(Material for this exercise Opens)
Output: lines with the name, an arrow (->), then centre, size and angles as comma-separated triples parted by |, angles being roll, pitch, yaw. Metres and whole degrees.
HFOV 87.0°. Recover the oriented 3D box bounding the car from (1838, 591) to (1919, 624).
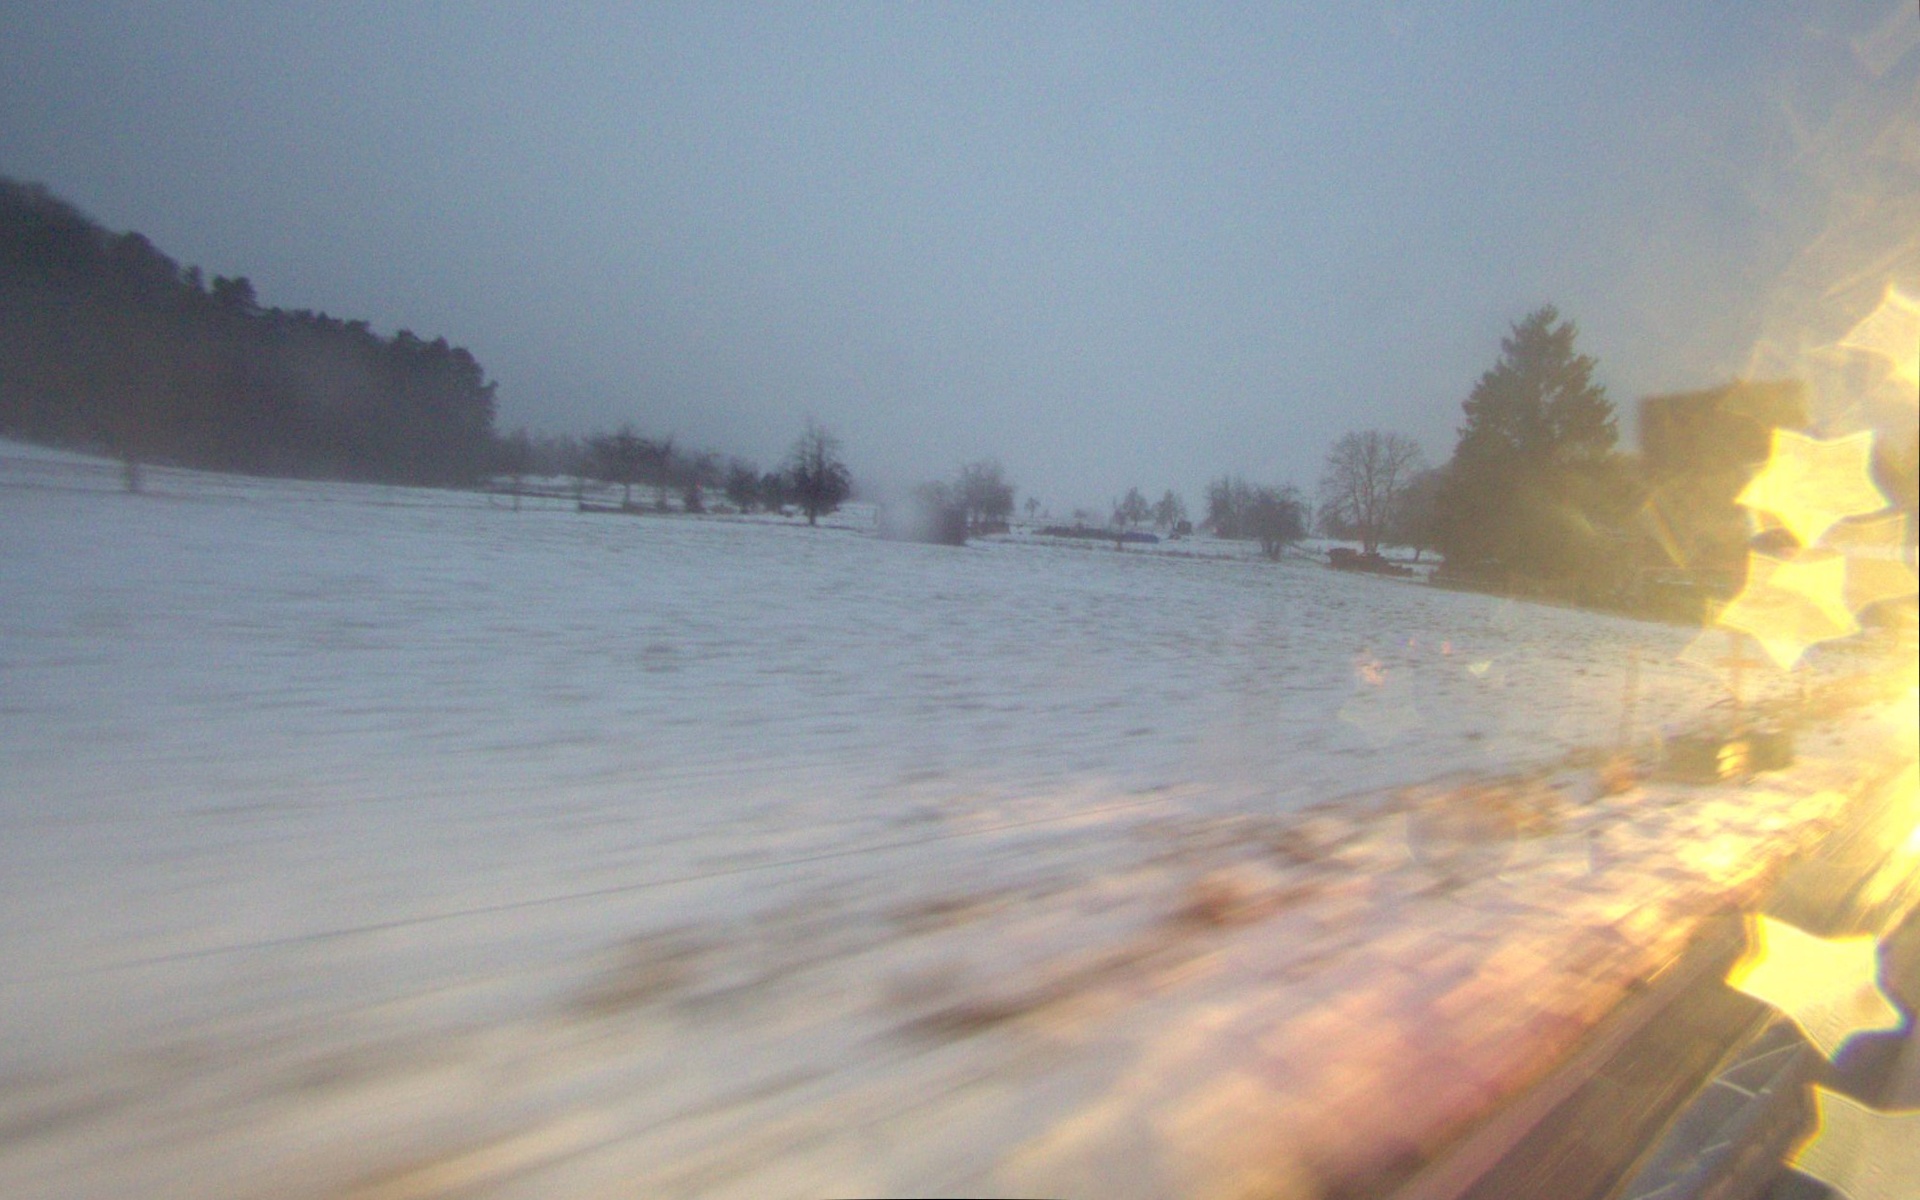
(Material for this exercise Closes)
(Material for this exercise Opens)
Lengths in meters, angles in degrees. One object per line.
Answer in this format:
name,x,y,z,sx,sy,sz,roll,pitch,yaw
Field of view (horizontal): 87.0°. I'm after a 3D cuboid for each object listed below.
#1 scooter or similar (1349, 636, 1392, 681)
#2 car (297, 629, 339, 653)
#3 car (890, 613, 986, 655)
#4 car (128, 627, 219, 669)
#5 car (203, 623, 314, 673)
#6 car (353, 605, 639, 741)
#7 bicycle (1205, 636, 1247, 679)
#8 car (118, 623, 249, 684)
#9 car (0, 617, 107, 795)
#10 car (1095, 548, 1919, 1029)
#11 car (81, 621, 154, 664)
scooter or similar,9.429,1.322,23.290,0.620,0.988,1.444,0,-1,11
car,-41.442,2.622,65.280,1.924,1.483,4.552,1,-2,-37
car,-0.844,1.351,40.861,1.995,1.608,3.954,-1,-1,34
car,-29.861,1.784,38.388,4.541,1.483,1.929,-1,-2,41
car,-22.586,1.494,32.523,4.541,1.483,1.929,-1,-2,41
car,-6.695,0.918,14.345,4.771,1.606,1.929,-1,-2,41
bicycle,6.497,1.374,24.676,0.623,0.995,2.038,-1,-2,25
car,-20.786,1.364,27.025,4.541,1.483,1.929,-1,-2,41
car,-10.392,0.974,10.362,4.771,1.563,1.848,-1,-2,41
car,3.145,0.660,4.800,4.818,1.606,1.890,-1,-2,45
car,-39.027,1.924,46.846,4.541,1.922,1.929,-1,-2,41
(Material for this exercise Closes)
(Material for this exercise Opens)
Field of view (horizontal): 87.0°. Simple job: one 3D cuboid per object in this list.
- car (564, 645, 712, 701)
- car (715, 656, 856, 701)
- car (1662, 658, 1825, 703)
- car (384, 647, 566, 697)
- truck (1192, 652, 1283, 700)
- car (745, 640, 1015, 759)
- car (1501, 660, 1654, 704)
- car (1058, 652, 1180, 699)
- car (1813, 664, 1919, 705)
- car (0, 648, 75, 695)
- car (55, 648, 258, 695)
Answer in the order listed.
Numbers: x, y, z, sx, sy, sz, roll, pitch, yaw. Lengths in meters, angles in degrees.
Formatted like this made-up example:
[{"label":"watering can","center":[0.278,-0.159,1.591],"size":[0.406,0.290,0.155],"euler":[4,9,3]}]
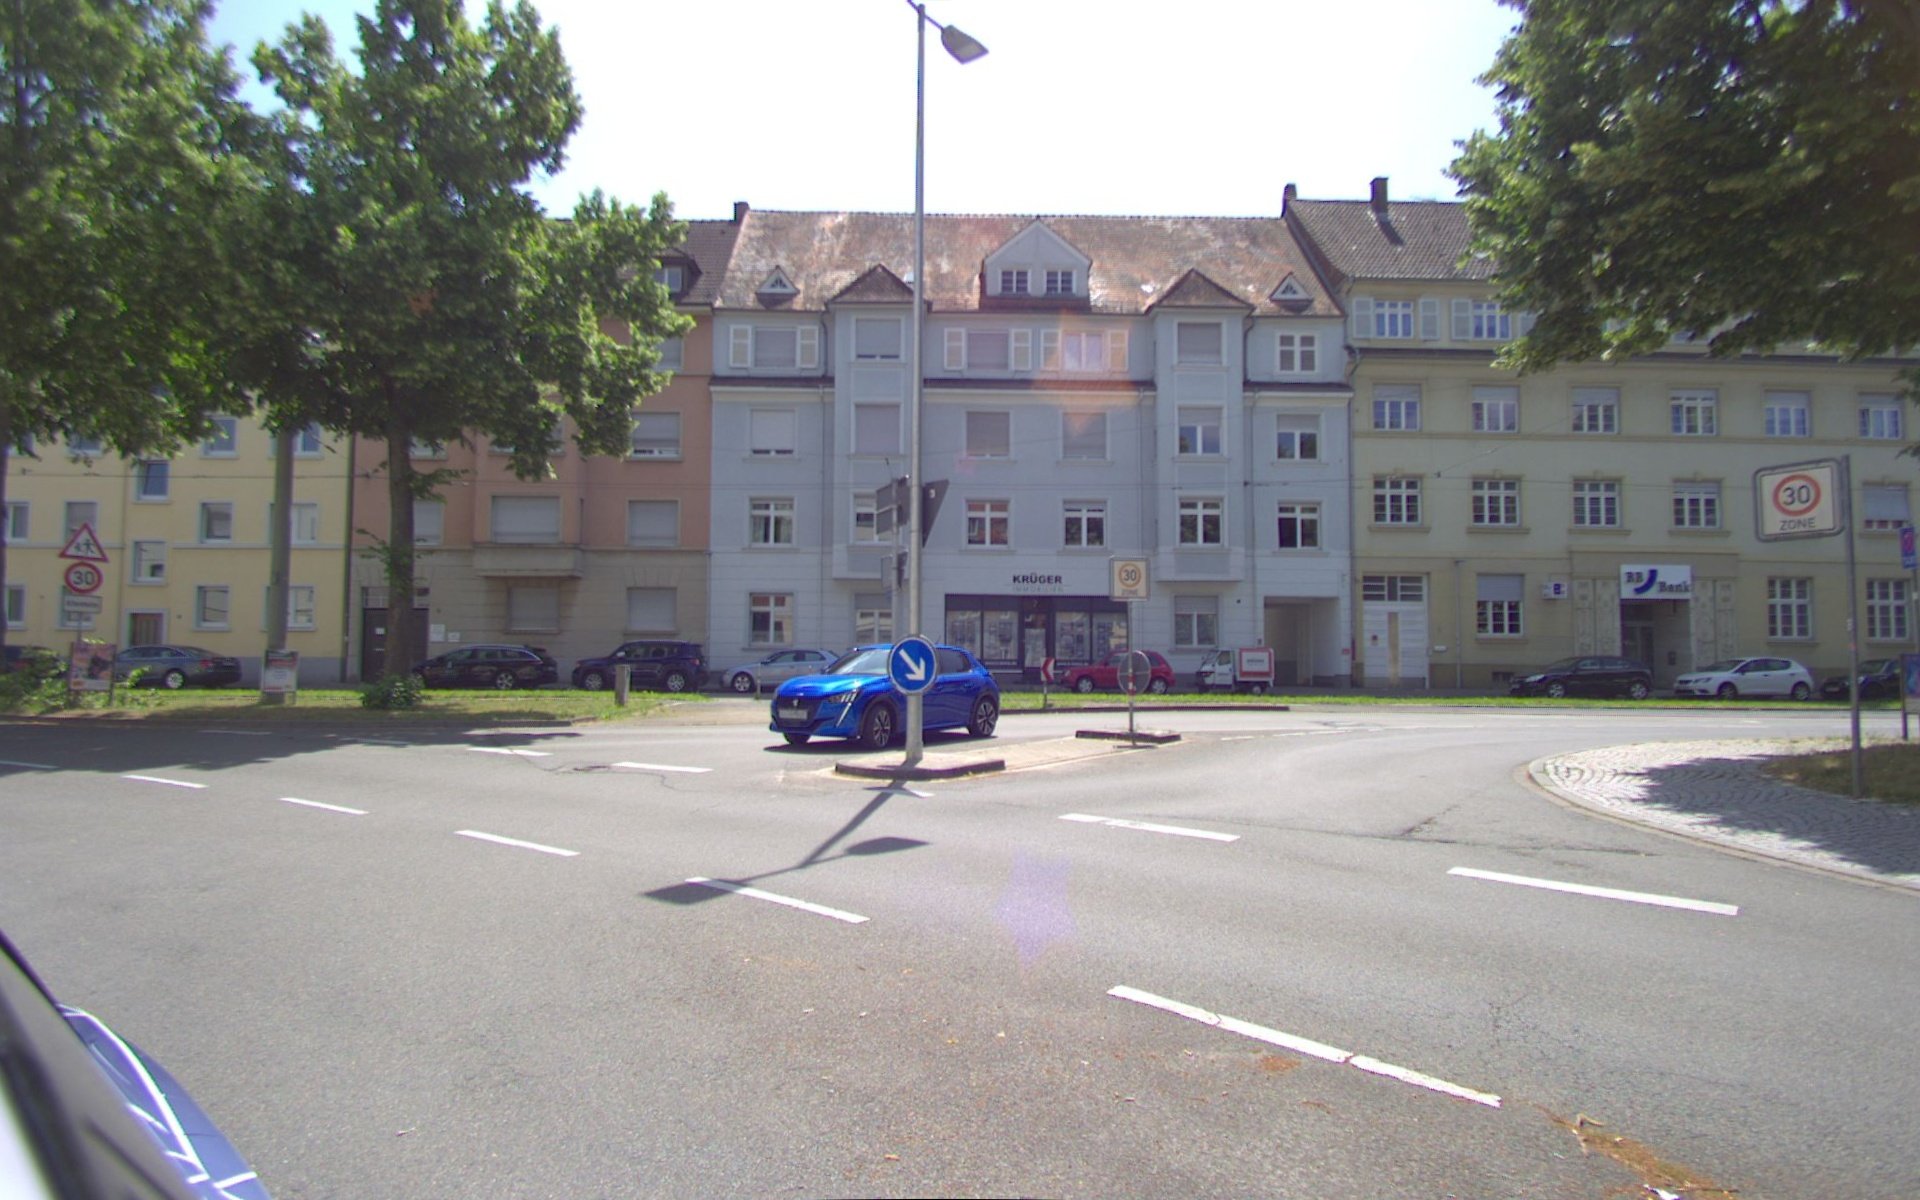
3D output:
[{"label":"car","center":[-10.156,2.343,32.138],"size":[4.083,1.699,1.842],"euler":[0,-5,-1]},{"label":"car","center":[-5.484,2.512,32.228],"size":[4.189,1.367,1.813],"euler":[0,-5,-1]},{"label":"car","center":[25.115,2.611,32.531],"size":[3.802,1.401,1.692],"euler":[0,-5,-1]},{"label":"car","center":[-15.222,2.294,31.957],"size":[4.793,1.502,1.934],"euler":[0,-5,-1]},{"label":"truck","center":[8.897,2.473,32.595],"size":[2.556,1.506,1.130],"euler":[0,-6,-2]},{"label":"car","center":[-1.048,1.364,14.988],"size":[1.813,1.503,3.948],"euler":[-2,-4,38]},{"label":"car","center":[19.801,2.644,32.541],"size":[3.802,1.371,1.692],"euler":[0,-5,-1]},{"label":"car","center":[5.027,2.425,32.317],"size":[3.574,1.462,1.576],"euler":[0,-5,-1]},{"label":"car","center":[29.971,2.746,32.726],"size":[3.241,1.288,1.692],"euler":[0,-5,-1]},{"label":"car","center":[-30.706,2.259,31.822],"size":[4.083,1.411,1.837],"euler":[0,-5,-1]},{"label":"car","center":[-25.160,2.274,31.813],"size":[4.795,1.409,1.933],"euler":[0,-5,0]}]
(Material for this exercise Closes)
How to complete this task: Lines holding the word "Field" in the entries above are the ones to pull out. Copy them all.

Exercise answer:
Field of view (horizontal): 87.0°. I'm after a 3D cuboid for each object listed below.
Field of view (horizontal): 87.0°. Simple job: one 3D cuboid per object in this list.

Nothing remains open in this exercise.